"Diiiiinnnnnnnnnnn, sini!" Teriakan Jabbar memecah suasana haru penerimaan surat kelulusan siang hari itu. Semua mata terbelalak mendengar teriakan menggelegar. Semua mata tertuju pada sumber suara yang dianggap sangat mengganggu suasana haru bercampur sedih itu.
Dinta berusaha bersembunyi di balik kerumunan teman-temannya berharap tidak dipermalukan oleh sahabatnya yang sangat cerewet itu. Sampai-sampai ia merendahkan badannya untuk segera kabur sebelum semua mata berbalik menatapnya.
Dinta berlari menuju toilet sambil membungkukkan badan sedang jabbar terus berteriak tak perduli dan tanpa malu menjadi perhatian di tengah lapangan yang sangat panas.
"Ya ampun, tuh anak psikopat banget," Dinta bercermin sambil merapikan bajunya di toilet wanita. Ia tidak sadar ternyata jabbar sudah berada tepat di belakangnya.
"Aaaaaaaaaaaaaaaaaaaaa," Dinta berteriak sangat keras. Untung saja Jabbar cepat-cepat menutup mulut Dinta. Sehingga ia tak harus dipukul masa karena dikira memperkosa anak orang yang tak jelas berteriak atas alasan apa.
" Gila loh ya, jangan teriak, entar gua dihamuk masa," terang jabbar sambil membuka mulut Dinta yang ditutupi dengan tangannya.

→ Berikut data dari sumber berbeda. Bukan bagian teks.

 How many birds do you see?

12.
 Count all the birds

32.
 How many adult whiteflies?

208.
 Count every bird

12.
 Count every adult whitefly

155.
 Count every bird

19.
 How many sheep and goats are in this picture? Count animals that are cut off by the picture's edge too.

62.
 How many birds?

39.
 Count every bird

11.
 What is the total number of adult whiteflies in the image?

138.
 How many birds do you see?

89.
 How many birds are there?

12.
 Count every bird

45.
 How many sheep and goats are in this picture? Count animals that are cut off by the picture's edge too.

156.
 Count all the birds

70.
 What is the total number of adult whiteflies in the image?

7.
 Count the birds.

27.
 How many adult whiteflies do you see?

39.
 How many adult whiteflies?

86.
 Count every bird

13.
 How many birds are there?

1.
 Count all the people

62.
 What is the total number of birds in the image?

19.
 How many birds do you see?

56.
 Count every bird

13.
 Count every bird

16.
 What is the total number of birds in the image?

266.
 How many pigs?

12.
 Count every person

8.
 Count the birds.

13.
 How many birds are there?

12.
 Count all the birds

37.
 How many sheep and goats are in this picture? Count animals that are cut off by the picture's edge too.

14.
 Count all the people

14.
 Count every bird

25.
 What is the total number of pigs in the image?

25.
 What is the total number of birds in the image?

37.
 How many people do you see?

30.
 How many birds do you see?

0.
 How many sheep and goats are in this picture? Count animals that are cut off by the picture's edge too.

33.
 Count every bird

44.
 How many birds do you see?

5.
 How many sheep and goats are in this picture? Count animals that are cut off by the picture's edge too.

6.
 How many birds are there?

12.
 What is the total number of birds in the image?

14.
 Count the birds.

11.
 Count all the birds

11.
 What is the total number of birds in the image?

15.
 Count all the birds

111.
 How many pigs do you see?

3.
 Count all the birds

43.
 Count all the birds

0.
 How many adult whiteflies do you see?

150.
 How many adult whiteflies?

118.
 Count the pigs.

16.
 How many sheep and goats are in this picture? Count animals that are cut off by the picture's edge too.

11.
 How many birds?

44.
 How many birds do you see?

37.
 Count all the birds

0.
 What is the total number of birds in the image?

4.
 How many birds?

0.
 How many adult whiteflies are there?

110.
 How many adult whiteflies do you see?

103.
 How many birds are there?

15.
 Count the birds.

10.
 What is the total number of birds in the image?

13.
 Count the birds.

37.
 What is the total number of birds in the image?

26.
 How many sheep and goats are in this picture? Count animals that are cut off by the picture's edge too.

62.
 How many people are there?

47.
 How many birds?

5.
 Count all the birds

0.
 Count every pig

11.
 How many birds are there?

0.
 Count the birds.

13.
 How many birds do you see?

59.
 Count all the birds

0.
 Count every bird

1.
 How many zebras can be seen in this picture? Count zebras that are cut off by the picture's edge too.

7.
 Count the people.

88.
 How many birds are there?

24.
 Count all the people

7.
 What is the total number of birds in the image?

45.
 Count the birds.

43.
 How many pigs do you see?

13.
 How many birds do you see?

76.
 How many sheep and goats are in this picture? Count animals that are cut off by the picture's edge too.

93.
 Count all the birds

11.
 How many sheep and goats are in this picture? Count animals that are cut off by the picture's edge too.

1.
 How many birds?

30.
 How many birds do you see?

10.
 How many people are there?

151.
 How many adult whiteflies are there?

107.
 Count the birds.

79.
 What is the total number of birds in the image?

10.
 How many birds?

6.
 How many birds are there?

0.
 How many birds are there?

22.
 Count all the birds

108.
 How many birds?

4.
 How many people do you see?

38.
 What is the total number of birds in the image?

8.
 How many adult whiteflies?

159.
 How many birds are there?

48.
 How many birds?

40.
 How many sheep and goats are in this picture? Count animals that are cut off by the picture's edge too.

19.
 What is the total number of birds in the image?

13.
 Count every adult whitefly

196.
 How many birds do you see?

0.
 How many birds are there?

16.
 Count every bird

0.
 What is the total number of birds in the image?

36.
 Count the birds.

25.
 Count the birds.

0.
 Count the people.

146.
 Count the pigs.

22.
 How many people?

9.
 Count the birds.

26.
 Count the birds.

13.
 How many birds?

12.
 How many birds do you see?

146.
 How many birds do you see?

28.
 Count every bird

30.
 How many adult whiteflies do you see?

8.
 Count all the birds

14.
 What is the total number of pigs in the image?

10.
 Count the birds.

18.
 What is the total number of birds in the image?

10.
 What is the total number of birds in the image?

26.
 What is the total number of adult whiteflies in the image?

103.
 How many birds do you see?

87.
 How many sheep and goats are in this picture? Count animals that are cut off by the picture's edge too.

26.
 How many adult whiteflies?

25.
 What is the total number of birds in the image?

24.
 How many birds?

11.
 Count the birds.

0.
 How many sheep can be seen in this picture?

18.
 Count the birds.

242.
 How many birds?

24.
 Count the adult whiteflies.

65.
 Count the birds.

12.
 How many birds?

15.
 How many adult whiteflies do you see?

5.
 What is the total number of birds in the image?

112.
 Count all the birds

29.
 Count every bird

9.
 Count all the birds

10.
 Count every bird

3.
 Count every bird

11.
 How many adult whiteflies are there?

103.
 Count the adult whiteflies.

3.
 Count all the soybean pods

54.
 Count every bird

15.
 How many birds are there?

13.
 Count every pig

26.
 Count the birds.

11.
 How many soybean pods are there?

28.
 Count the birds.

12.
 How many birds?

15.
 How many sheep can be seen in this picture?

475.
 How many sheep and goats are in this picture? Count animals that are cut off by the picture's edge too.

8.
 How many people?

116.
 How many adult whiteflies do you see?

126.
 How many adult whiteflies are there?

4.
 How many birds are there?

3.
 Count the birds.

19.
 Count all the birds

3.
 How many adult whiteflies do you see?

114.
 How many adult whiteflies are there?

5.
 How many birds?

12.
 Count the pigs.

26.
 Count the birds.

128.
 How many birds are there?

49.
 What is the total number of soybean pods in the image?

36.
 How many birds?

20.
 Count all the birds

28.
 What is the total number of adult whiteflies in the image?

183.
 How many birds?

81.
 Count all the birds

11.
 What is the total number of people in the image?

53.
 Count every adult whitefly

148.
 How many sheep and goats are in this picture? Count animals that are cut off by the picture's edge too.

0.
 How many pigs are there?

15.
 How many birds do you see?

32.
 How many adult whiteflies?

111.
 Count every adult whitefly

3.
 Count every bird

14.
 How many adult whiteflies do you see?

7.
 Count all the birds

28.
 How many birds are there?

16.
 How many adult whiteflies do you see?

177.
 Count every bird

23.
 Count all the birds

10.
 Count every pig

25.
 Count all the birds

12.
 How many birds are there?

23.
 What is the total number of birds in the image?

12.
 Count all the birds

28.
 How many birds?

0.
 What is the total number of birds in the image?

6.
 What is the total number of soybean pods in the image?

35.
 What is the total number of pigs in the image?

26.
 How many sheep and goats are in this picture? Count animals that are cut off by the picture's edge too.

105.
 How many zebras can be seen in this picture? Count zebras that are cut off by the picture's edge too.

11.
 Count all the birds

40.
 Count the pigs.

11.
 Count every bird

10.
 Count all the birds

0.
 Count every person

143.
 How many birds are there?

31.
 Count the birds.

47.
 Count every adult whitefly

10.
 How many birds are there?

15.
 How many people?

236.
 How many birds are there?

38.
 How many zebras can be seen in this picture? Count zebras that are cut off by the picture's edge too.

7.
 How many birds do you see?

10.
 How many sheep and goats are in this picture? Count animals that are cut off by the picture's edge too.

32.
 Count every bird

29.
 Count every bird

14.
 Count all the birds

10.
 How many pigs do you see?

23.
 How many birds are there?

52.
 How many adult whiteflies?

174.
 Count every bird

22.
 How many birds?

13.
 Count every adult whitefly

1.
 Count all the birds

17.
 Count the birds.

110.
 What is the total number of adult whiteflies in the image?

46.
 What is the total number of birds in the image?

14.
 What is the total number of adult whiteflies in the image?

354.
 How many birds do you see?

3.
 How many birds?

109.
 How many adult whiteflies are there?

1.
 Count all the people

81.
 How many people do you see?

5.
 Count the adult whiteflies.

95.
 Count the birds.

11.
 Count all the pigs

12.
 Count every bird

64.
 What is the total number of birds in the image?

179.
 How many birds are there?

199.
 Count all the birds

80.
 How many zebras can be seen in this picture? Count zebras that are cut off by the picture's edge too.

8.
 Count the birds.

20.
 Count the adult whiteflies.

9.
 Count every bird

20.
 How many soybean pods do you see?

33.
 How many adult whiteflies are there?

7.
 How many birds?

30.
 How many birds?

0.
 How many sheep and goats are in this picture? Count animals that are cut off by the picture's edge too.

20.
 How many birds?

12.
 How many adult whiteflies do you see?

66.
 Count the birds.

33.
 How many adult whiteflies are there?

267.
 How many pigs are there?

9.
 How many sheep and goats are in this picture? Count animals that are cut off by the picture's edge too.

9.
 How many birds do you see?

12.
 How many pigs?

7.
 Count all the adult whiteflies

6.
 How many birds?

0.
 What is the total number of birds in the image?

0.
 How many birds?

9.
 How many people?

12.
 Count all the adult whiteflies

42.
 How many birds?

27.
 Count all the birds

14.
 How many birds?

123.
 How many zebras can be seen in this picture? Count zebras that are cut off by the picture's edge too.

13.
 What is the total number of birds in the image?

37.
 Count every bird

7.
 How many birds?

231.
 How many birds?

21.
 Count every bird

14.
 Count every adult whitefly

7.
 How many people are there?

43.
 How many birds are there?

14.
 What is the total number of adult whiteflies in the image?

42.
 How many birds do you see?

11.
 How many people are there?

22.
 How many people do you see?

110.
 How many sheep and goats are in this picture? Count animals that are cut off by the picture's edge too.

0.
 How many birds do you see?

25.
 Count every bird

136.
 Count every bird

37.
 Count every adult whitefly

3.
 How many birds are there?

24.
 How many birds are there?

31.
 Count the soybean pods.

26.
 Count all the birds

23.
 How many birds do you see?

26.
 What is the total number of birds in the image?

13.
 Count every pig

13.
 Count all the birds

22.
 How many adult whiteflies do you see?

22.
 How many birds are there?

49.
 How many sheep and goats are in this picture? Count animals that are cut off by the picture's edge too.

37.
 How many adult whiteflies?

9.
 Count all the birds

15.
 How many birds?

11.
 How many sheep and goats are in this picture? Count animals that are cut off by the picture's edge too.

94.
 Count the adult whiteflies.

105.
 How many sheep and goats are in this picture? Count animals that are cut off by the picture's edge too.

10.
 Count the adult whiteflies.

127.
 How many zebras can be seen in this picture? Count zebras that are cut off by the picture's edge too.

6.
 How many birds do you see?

"Gila, asinnnn banget, lepas ngapain sih lo," balas Dinta sambil meludah di westafel dan langsung keluar toilet sambil berlari.
"Lepas makan asinan di warung bu Asih, " teriak jabbar sambil mengejar Dinta.
"Dinnnn, ada berita dari nyokap lo. Jangan lari terus, capek gue," lanjut Jabbar yang sudah ngos-ngosan berlari dengab badannya yang lebih besar dari lemari satu pintu.
Dinta tiba-tiba berhenti. "Ngapain, wanita itu nyari gue setelah ninggalin gue dari kecil."